Notification Schedule 1

• Spatial considerations (introduction/release): Anywhere in Canada
  • Specific considerations: None
• Spatial considerations (introduction/release): Ecozone where not indigenous – localized
  • Specific considerations: What is the potential for the micro-organism to disperse beyond the ecozone of introduction?
• Spatial considerations (introduction/release): In accordance with confinement procedures – localized
  • Specific considerations: How effective are proposed confinement procedures for limiting dispersal of the microorganism to the site(s) of introduction?
• Spatial considerations (introduction/release): Ecozone where indigenous – localized
  • Specific considerations: What is the potential for the microorganism to disperse beyond the ecozone of introduction?

Notification Schedule 2

• Spatial considerations (introduction/release): Into a contained facility or for export only – localized
  • Specific considerations: How effective are proposed containment procedures for preventing releases of the microorganism?

Notification Schedule 3

• Spatial considerations (introduction/release): In an experimental field study – localized
  • Specific considerations:
  • How effective are proposed procedures for limiting dispersal of the microorganism from the site(s) of an experimental field study?
  • For short-term effects, consideration is given to start and end dates (with a possibility for repetition of the field trial over time).

Notification Schedule 4

• Spatial considerations (introduction/release): Same site from where isolated – localized
  • Specific considerations: What is the potential for the microorganism to disperse beyond the site from where it was isolated?

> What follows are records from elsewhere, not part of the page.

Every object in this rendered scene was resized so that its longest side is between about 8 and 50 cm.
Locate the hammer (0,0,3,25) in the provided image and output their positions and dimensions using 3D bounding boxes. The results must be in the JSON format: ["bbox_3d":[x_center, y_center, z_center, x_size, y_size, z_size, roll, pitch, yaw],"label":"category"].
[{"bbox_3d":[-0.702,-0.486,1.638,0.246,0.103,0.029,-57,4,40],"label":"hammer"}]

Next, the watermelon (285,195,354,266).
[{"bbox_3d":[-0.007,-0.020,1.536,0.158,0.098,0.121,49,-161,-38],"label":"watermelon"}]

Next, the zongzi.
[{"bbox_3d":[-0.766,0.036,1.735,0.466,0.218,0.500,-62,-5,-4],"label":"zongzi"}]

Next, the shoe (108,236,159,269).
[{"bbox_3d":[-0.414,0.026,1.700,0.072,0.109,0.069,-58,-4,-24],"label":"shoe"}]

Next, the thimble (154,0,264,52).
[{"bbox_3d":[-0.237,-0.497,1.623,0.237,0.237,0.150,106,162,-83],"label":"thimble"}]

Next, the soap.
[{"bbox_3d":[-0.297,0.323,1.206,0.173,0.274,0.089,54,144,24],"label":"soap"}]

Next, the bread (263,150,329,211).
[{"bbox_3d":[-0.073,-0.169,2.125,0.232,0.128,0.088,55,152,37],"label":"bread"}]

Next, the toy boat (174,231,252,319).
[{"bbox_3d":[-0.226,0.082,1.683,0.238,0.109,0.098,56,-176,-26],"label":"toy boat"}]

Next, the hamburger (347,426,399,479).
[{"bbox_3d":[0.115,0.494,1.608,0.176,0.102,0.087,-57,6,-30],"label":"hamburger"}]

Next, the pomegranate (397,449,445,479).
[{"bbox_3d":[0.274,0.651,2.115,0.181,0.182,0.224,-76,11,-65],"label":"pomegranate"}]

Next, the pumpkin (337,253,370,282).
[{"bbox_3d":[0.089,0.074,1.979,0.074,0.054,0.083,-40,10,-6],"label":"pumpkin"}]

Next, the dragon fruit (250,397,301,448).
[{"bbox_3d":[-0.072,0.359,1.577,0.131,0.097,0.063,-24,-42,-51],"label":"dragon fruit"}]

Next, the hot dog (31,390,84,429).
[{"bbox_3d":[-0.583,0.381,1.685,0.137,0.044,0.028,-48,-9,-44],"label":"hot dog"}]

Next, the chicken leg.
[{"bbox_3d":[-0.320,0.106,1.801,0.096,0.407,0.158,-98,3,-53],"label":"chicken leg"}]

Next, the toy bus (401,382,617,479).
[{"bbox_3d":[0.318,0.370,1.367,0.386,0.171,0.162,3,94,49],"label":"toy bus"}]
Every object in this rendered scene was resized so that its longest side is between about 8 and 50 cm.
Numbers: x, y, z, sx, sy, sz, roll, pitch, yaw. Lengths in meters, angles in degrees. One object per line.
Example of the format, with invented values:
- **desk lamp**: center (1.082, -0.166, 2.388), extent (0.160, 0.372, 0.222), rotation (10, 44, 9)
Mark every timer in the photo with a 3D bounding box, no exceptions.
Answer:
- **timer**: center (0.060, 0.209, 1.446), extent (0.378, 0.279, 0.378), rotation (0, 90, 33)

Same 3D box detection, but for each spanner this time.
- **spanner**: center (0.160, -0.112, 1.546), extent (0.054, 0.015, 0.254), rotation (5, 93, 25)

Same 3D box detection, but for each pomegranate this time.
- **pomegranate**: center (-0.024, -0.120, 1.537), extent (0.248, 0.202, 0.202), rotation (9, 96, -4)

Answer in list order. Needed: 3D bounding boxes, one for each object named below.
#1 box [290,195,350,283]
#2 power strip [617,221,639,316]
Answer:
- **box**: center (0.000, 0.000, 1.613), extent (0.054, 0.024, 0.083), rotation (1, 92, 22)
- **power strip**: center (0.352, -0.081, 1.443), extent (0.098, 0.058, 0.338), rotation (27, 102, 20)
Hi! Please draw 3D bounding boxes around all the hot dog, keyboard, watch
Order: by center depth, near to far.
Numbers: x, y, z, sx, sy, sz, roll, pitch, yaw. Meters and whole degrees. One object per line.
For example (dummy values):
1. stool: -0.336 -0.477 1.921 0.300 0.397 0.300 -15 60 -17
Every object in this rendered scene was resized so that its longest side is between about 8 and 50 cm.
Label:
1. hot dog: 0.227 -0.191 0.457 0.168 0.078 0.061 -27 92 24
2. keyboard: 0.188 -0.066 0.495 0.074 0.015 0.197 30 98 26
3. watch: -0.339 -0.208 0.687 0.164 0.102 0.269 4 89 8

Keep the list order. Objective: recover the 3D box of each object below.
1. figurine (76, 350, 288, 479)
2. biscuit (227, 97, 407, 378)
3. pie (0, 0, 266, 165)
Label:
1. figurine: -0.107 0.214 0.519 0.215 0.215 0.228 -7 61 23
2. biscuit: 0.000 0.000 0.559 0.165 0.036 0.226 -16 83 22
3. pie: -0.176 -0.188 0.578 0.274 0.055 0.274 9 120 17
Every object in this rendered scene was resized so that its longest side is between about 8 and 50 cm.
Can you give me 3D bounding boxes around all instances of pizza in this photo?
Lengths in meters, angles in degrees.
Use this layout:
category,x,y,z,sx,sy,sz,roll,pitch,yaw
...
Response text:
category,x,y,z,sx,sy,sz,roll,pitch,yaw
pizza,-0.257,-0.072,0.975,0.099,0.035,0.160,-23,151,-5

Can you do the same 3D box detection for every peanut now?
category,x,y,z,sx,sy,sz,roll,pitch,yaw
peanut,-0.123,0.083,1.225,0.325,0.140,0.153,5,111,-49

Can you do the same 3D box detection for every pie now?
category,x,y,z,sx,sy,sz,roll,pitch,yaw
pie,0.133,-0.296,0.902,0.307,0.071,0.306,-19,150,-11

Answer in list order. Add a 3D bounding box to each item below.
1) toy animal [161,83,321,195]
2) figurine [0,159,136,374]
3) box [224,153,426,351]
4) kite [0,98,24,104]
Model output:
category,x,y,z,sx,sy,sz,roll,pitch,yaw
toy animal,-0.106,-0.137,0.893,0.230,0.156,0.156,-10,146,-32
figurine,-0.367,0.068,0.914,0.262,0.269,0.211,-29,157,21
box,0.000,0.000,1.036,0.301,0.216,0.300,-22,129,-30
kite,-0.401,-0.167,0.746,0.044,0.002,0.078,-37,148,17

Appendix 2. Weight of evidence allocation criteria and overall determination

Weight of evidence allocation criteria: Poor

• Evidence allocation criteria
  • Criteria: Data not considered reliable and there is no alternative;
    • There are inconsistencies that cannot be avoided
    • There is low relevance (for example, use of a surrogate organism which is not closely related or shares only a few characteristics with target organisms)
  • Interpretation criteria: Source would be a target for future data collection.
• Overall weight of evidence determination
  • Description: Further research very likely to have an impact on the confidence of the information and likely to change the assessment conclusions.
  • Relationship with Uncertainty Analysis: Uncertainty Analysis targets the lowest weight of evidence data areas and demonstrates conclusions will change in multiple instances of reasonable adjustment of information.

Weight of evidence allocation criteria: Satisfactory

• Evidence allocation criteria
  • Criteria: Data not considered reliable and there is no alternative; Data is considered non-ideal but can be acceptable with disclosure of uncertainties
    • Surrogate data has been used to fill information or data gaps
  • Interpretation criteria: Additional data collection would be beneficial if sources categorized with “poor” have been addressed.
• Overall weight of evidence determination
  • Description: Further research likely to have an impact on the confidence of information and may change the assessment conclusions.
  • Relationship with Uncertainty Analysis: Uncertainty Analysis targets the lowest weight of evidence data areas and demonstrates conclusions may change in some instances of reasonable adjustment of information.

Weight of evidence allocation criteria: Good

• Evidence allocation criteria
  • Criteria: Data are considered reliable
    • There is no need for a surrogate organism
    • Gaps in the data are few to none
    • Relevant
    • Consistent across lines of evidence (if applicable)
  • Interpretation criteria: Not a priority for future consideration as additional data would not improve the parameter estimate
• Overall weight of evidence determination
  • Description: Further research unlikely to change confidence in the conclusions of the assessment.
  • Relationship with Uncertainty Analysis: Uncertainty Analysis targets the lowest weight of evidence data areas and demonstrates conclusions are robust to reasonable adjustment of information.